Depuis le jour où ses ennemis l'avaient trouvé dans les montagnes de l'Éternelle Lumière, plus d'une semaine s'était passée et, toujours étendu sans mouvement sur sa couche, il eût semblé mort si Fricoulet ne s'était de temps en temps, assuré que le coeur battait toujours--faiblement, il est vrai--et si, toutes les douze heures, on n'eût réussi à introduire à travers ses dents serrées la valeur d'une demi-tablette de Liebig dissoute dans un peu d'eau.

Ce qui n'empêchait pas Jonathan Farenheit de le surveiller d'aussi près que s'il y avait eu à craindre quelque tentative d'évasion de la part de ce mort vivant.

C'est que la haine de l'Américain qui, avec le temps, avait paru s'apaiser, s'était éveillée plus forte qu'auparavant depuis que le hasard l'avait remis face à face avec son ennemi.

Certes, il ne l'eût pas touché du bout du doigt, alors qu'il était en un si pitoyable état; il pouvait être rude, brutal, bougon, bref avoir tous les défauts du monde, en réalité, c'était une nature franche et loyale.

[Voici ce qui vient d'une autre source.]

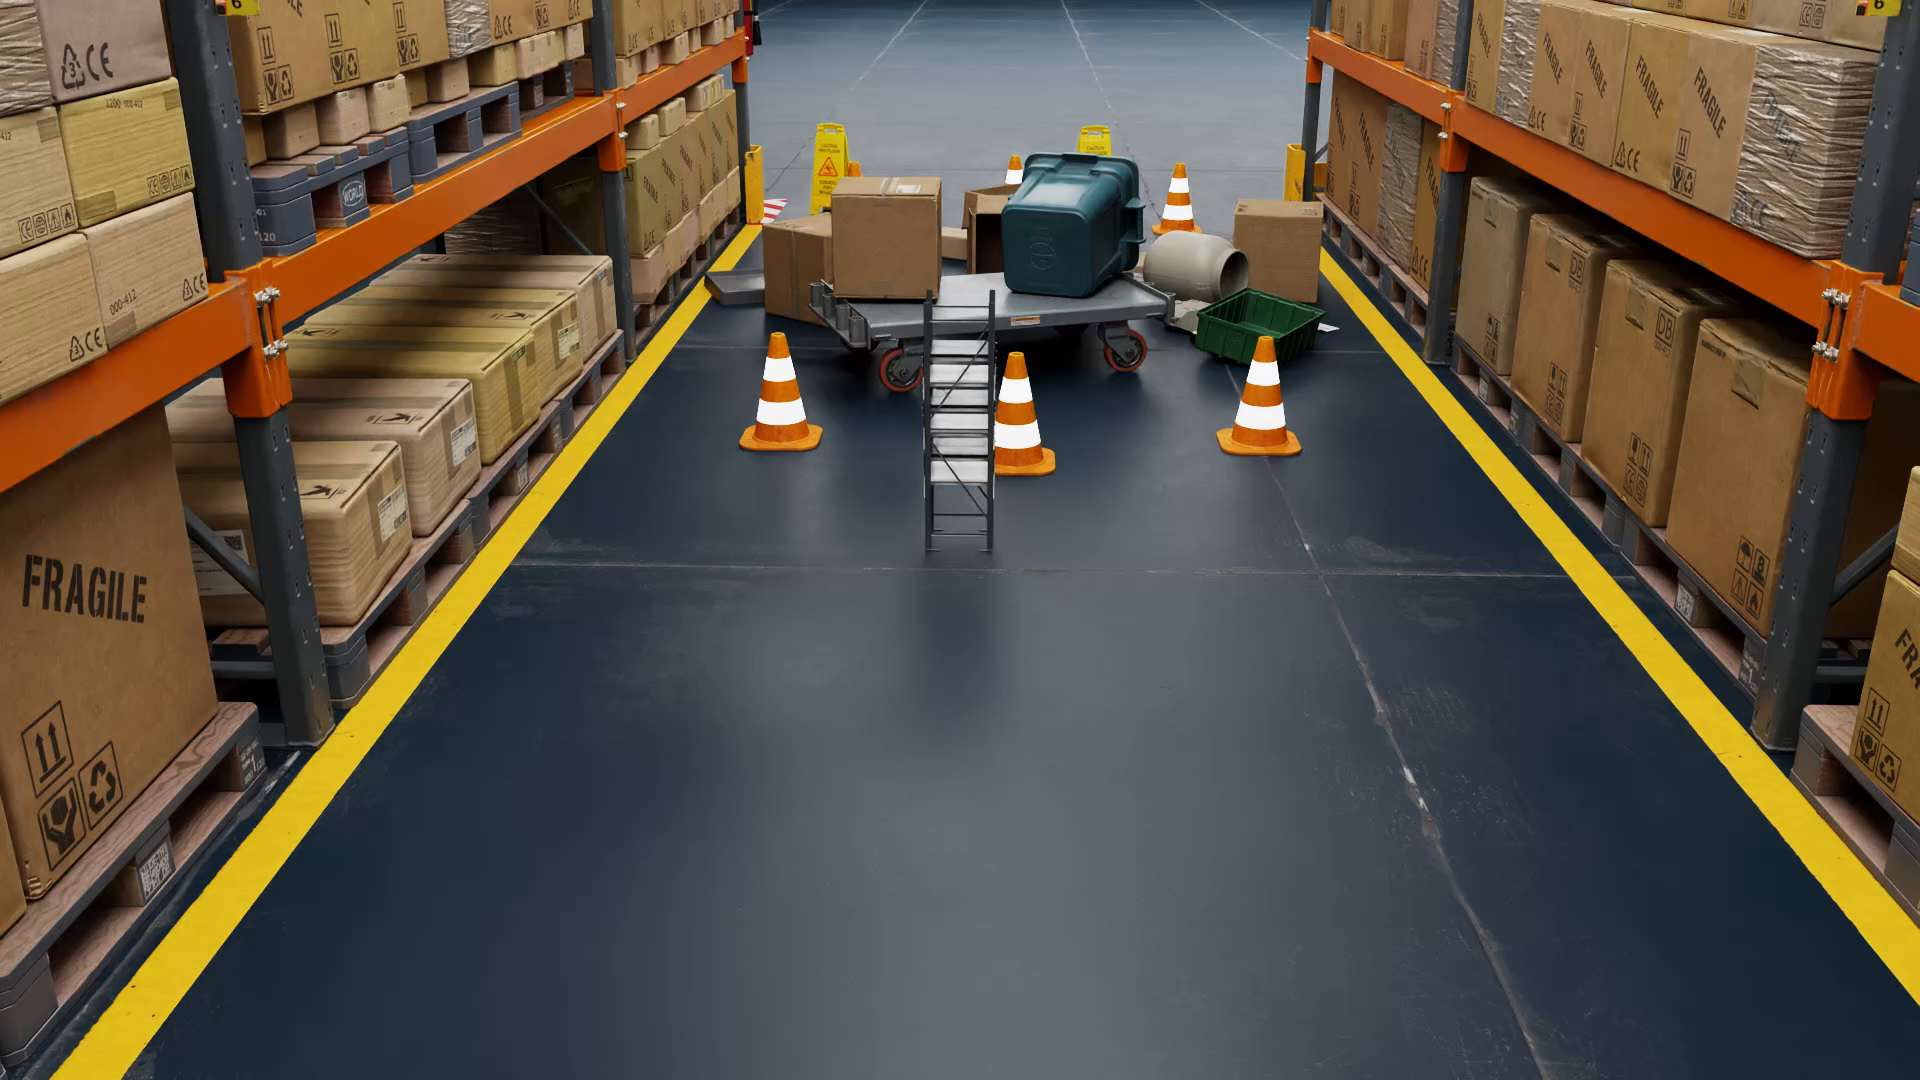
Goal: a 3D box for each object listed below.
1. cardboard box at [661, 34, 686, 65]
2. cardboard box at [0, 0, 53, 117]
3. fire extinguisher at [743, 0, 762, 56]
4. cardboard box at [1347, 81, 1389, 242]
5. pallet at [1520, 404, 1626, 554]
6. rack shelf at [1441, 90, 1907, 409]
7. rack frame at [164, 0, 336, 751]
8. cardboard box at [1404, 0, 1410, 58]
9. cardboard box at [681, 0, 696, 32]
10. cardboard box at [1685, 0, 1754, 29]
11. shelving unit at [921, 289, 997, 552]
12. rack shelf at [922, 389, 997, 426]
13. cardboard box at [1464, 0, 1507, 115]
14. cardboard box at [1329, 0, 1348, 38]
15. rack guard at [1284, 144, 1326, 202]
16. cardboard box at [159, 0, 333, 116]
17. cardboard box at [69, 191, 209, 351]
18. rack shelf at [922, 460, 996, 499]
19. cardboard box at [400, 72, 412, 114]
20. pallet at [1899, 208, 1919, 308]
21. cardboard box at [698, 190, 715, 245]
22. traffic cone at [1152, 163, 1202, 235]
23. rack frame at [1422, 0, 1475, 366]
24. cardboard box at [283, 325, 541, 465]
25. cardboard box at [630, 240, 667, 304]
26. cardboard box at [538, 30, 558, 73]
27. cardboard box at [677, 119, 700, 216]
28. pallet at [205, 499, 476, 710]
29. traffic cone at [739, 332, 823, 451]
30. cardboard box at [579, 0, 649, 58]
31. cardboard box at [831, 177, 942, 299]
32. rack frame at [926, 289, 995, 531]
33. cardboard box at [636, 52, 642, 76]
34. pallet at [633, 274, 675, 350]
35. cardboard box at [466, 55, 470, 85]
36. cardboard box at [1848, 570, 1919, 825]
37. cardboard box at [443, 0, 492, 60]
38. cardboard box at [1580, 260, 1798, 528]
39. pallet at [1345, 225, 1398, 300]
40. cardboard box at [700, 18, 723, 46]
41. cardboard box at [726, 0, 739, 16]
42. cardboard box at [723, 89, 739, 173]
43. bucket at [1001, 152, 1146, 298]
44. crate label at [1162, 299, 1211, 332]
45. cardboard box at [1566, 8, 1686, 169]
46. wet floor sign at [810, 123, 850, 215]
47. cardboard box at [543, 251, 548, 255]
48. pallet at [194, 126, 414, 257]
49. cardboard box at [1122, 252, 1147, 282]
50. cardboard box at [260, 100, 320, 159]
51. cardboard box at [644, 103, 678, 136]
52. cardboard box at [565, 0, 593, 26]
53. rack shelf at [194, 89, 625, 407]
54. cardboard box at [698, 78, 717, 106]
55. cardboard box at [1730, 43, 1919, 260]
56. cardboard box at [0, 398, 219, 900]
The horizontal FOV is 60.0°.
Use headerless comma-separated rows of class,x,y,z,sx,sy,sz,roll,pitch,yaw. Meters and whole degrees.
cardboard box,-1.751,-2.753,9.324,0.380,0.149,0.250,1,21,2
cardboard box,-2.012,-0.988,2.909,0.500,0.500,0.500,1,21,3
fire extinguisher,-1.543,-3.744,11.638,0.296,0.674,0.183,1,21,2
cardboard box,2.964,-2.367,10.338,0.875,0.875,0.875,0,21,1
pallet,2.839,-0.257,6.400,1.003,0.211,1.213,1,21,2
rack shelf,2.761,-1.221,6.023,1.077,0.370,4.000,1,21,2
rack frame,-2.251,-0.851,4.075,1.000,3.000,0.127,1,21,2
cardboard box,2.949,-2.876,9.086,0.875,0.550,0.550,1,21,2
cardboard box,-1.821,-3.185,9.540,0.500,0.500,0.500,1,21,2
cardboard box,2.751,-1.876,5.198,0.700,0.500,0.500,0,21,1
shelving unit,0.000,-0.417,5.859,0.258,0.900,0.210,1,21,2
rack shelf,0.000,-0.469,5.838,0.258,0.077,0.200,1,21,2
cardboard box,2.537,-2.139,7.256,0.500,0.500,0.500,1,21,2
cardboard box,2.977,-3.661,11.110,0.875,0.550,0.550,1,21,2
rack guard,2.944,-2.569,11.958,1.175,0.500,0.348,1,21,2
cardboard box,-2.006,-1.392,4.340,0.500,0.500,0.500,0,21,0
cardboard box,-2.007,-0.595,3.624,0.500,0.250,0.500,0,21,0
rack shelf,0.000,-0.218,5.936,0.258,0.077,0.200,1,21,2
cardboard box,-2.000,-1.433,5.341,0.380,0.149,0.250,2,21,5
pallet,2.785,-0.485,3.397,1.213,0.211,1.003,1,21,2
cardboard box,-1.797,-1.986,10.220,0.500,0.250,0.500,0,21,0
traffic cone,1.508,-2.366,11.488,0.336,0.463,0.334,1,21,2
rack frame,2.822,-2.279,7.756,1.000,3.000,0.127,1,21,2
cardboard box,-2.181,-0.567,6.395,0.950,0.372,0.625,1,21,3
cardboard box,-1.841,-1.421,8.766,0.500,0.250,0.500,0,21,-1
cardboard box,-1.867,-1.998,6.798,0.380,0.149,0.250,0,21,1
cardboard box,-1.819,-2.152,9.613,0.500,0.500,0.500,2,21,4
pallet,-2.226,0.167,5.308,1.003,0.211,1.213,1,21,2
traffic cone,-0.768,-0.651,7.066,0.336,0.463,0.334,1,21,2
cardboard box,-1.837,-2.638,8.133,0.500,0.500,0.500,1,21,1
cardboard box,-0.349,-1.476,8.095,0.500,0.500,0.500,1,21,2
rack frame,0.003,-0.453,5.953,0.240,0.900,0.006,1,21,2
cardboard box,-1.866,-2.479,8.618,0.380,0.149,0.250,1,21,1
pallet,-2.144,-1.240,8.934,1.003,0.211,1.213,1,21,2
cardboard box,-2.025,-1.724,6.092,0.380,0.149,0.250,0,21,0
cardboard box,2.424,0.390,3.753,0.500,0.500,0.500,0,21,-1
cardboard box,-1.965,-1.953,5.787,0.500,0.500,0.500,0,21,0
cardboard box,2.832,-0.515,5.740,1.050,0.750,0.750,1,21,2
pallet,2.957,-1.696,10.107,1.003,0.211,1.213,1,21,2
cardboard box,-1.709,-3.210,10.503,0.380,0.149,0.250,1,21,3
cardboard box,-1.749,-3.729,10.945,0.500,0.500,0.500,0,21,1
cardboard box,-1.771,-2.714,11.062,0.500,0.500,0.500,1,21,2
bucket,0.521,-1.536,8.266,0.726,0.611,0.620,8,33,20
crate label,1.240,-1.204,8.943,0.298,0.136,0.250,-16,26,-35
cardboard box,2.489,-1.592,5.847,0.500,0.500,0.500,1,21,2
wet floor sign,-0.932,-2.703,12.103,0.267,0.644,0.232,8,23,20
cardboard box,-2.380,-1.428,8.783,0.500,0.250,0.500,2,21,4
pallet,-2.336,-1.020,4.777,1.213,0.211,1.003,1,21,2
cardboard box,1.033,-1.646,9.905,0.396,0.266,0.258,4,22,11
cardboard box,-2.013,-1.147,4.605,0.380,0.149,0.250,-1,21,-2
cardboard box,-1.764,-2.304,9.107,0.380,0.149,0.250,1,21,4
cardboard box,-1.914,-2.509,7.218,0.500,0.500,0.500,0,21,1
rack shelf,-2.190,-1.239,6.069,1.077,0.370,4.000,1,21,2
cardboard box,-1.726,-2.792,10.366,0.380,0.149,0.250,1,21,3
cardboard box,2.445,-1.045,4.438,0.500,0.500,0.500,1,21,2
cardboard box,-2.355,0.193,3.742,0.875,0.875,0.875,0,21,1

Mais il suppliait Dieu de faire un miracle et de rendre la santé à Fédor Sharp.

Oh! alors, si pareille chose arrivait, il en serait autrement.

Et en pensant à cela, un rictus féroce soulevait sa lèvre, découvrait ses longues dents jaunes et déchaussées, tandis que ses poings formidables et velus se serraient dans une crispation fiévreuse.

Malheureusement pour les projets de vengeance de l'Américain, Dieu ne semblait nullement disposé à faire un miracle et, lorsque Ossipoff revint au bout de trois jours, avec le wagon, Sharp était absolument dans le même état où il se trouvait au départ.

Ce que voyant, Jonathan Farenheit perdit patience, sans compter qu'il lui répugnait de voir ses compagnons travailler, tandis qu'il passait ses journées à errer dans la salle où était le malade, comme un fauve dans sa cage; aussi, se décida-t-il à abandonner sa faction pour rejoindre les autres dans le cratère où ils s'occupaient de réparer le véhicule.

Celui-ci avait quelque peu souffert dans la chute terrible qui l'avait jeté sur le sol lunaire.

Le _culot_, ou partie inférieure, était bossué et déformé en plusieurs endroits et il fallut aux terriens bien des efforts et bien des heures de travail avant d'arriver à le rendre étanche comme auparavant.

Mais Mickhaïl Ossipoff était si savant, Fricoulet si ingénieux, Gontran si adroit et Farenheit si vigoureux, que l'on en vint cependant à bout en somme assez rapidement.

Lorsque l'extérieur du projectile eût été réparé, on passa à l'intérieur; mais cette besogne n'était rien comparativement à celle qui venait d'être terminée; il s'agissait simplement de remonter les bibliothèques, de reclouer des planches, de remplacer les lampes à incandescence brisées, de revisser le lustre, de remettre de nouveaux fils conducteurs et de nouveaux zincs à la pile électrique.